'Una vida oculta': poética y profunda, pero engolosinada

Cine

La nueva película de Terrence Malick tiene pretensiones cósmicas. Mientras la cultura de hoy aspira al consumismo, él aspira a la contemplación.

Fotograma de 'Una vida oculta', del director Terrence Malick. (Fox Searchlight Studios)
Fernando Zamora
Ciudad de México /

Franz Jägerstätter es un beato de la Iglesia Católica cuya historia cuenta Terrence Malick en Una vida oculta. Malick es un hagiógrafo del cine. Ha dedicado su vida a escribir y filmar obras de aliento bíblico. Lo que fue Tarkovski para la Iglesia Oriental (una suerte de Andréi Rubliov del celuloide) lo es Malick para Occidente, un equivalente de Miguel Ángel.

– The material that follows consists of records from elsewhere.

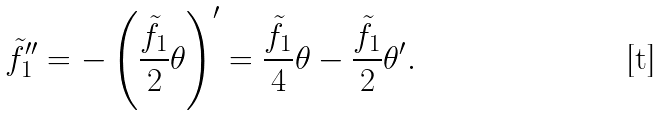Convert formula to latex. <formula><loc_0><loc_0><loc_500><loc_500>{ \tilde { f } _ { 1 } } ^ { \prime \prime } = - \left ( \frac { \tilde { f } _ { 1 } } { 2 } \theta \right ) ^ { \prime } = \frac { \tilde { f } _ { 1 } } { 4 } \theta - \frac { \tilde { f } _ { 1 } } { 2 } \theta ^ { \prime } .</formula> 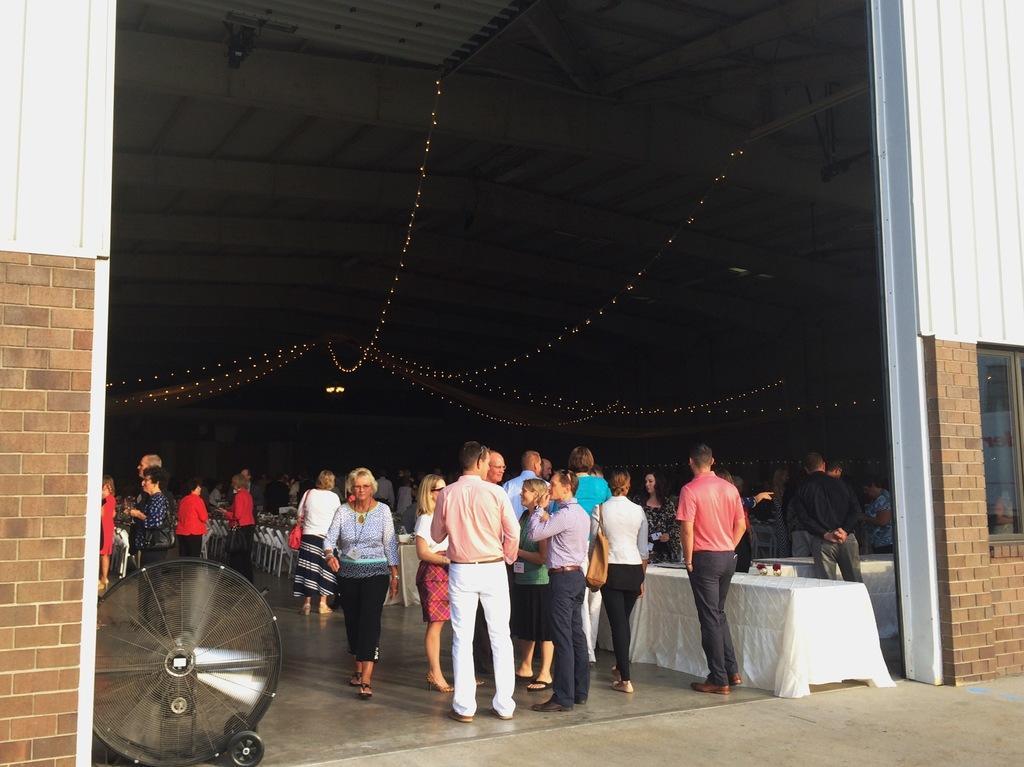How would you summarize this image in a sentence or two? The picture is taken during a function. On the left there is a fan and brick wall. In the center of the picture there are people, tables, chairs and lights. On the right it is well. 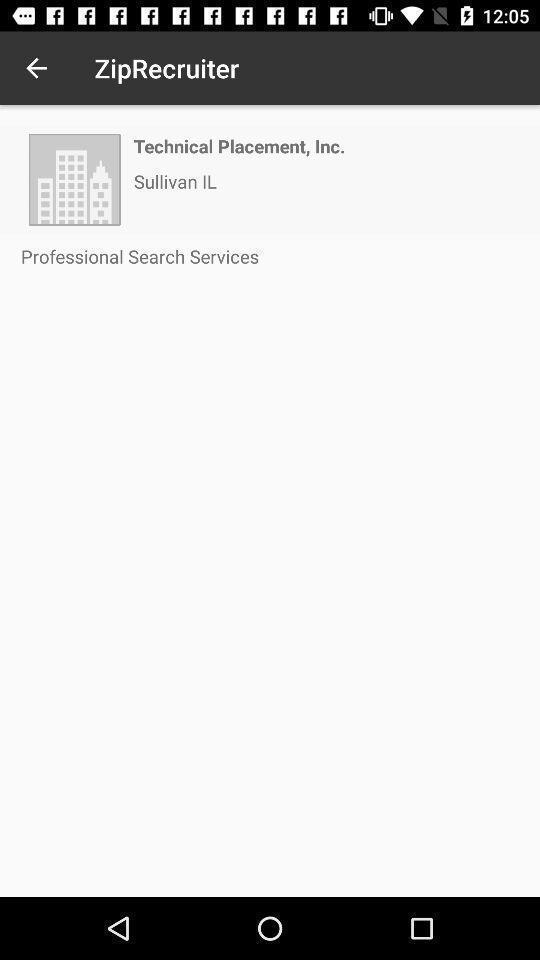Describe the key features of this screenshot. Zip recruiter page of a job search app.

El triunfo visual de El árbol de la vida confirma que el director estadunidense no está lejos de tan alta pretensión.

Una vida oculta es poética y profunda, pero le sobran minutos. El gusto del director por la imagen lo engolosina. A menudo se pierde haciéndonos contemplar las montañas austriacas, el brillo del agua al atardecer.

La obra recupera el aliento al final entre otras cosas porque aparece Bruno Ganz, un actor que ya estaba moribundo cuando lo llamaron a filmar esta obra. Sus ojos afligidos son perfectos para trazar las dudas de un juez nazi que, como Pilato frente a Jesús, duda con respecto al más allá.

Una vida oculta tiene lugar en la Alemania Nazi. Jägerstätter es un campesino enamorado de su mujer y las montañas austriacas, que llegado el momento se niega a jurar fidelidad a Adolfo Hitler. Hoy día resulta incluso sospechosa semejante tozudez pues, ¿cuánta gente honra su palabra hoy por hoy? Franz, en cambio, está convencido de que Dios es La Palabra y, claro, no puede rebajar un juramento al nivel de una fórmula cualquiera que se dice y ya.

Esto es en realidad lo más difícil de digerir en la obra de Malick, la rotunda negativa a pronunciar una fórmula que, sin embargo, haría de Hitler (a quien Franz Jägerstätter considera el Anticristo), su señor. Vale la pena, por lo tanto, pensar en aquel otro juramento que sostiene a este hombre en la cárcel militar de Berlín-Tegel: el juramento que hizo a su mujer el día en que se casó.

También hacia el final, un prisionero confiesa a Franz que él hubiese querido tener una vida así, con esposa e hijos. Beber vino y, a veces, ir a la iglesia (a veces no). Entendemos que la fuerza de este hombre en una cárcel militar nazi radica en el amor que ha sentido por su mujer y sus hijas. Y ese amor, en su cosmogonía, es matrimonial y, por tanto, está basado también en un juramento.

Jurar fidelidad a Hitler significaría no sólo traicionar a Cristo, también, en un sentido más inmediato, significaría negar el amor nupcial por su mujer. Y todos se lo dicen, casi tan necios como él, le piden: jura a Hitler; es una fórmula nada más. Fírmalo si no quieres decirlo, pasa el trámite, deja que tu abogado te salve de la guillotina. Volverás a ver a tu madre, a tus hijas. Volverás a hacer el amor con tu mujer. Pero Franz todos estos consejos los toma como auténticas tentaciones que le propone Satanás.

En efecto, la magia del cine sucede cuando uno tiene la ilusión de saber lo que piensa un personaje al interior de la pantalla. Esto sucede tan puntualmente que Malick, cuando ha jugado todas sus cartas, nos da la ilusión de comprender el pensamiento de un beato que puede decir en la prisión: “nunca he sido más libre que hoy”.

Las preocupaciones de esta película son ajenas a las de la cultura contemporánea. Terrence Malick tiene pretensiones cósmicas mientras que las pretensiones del mundo actual son banales. Mientras la cultura de hoy aspira al consumismo, él aspira a la contemplación; a algo más grande que los amores terrenos. En su obra está buscando un encuentro nupcial, pero no con una mujer sino con Dios.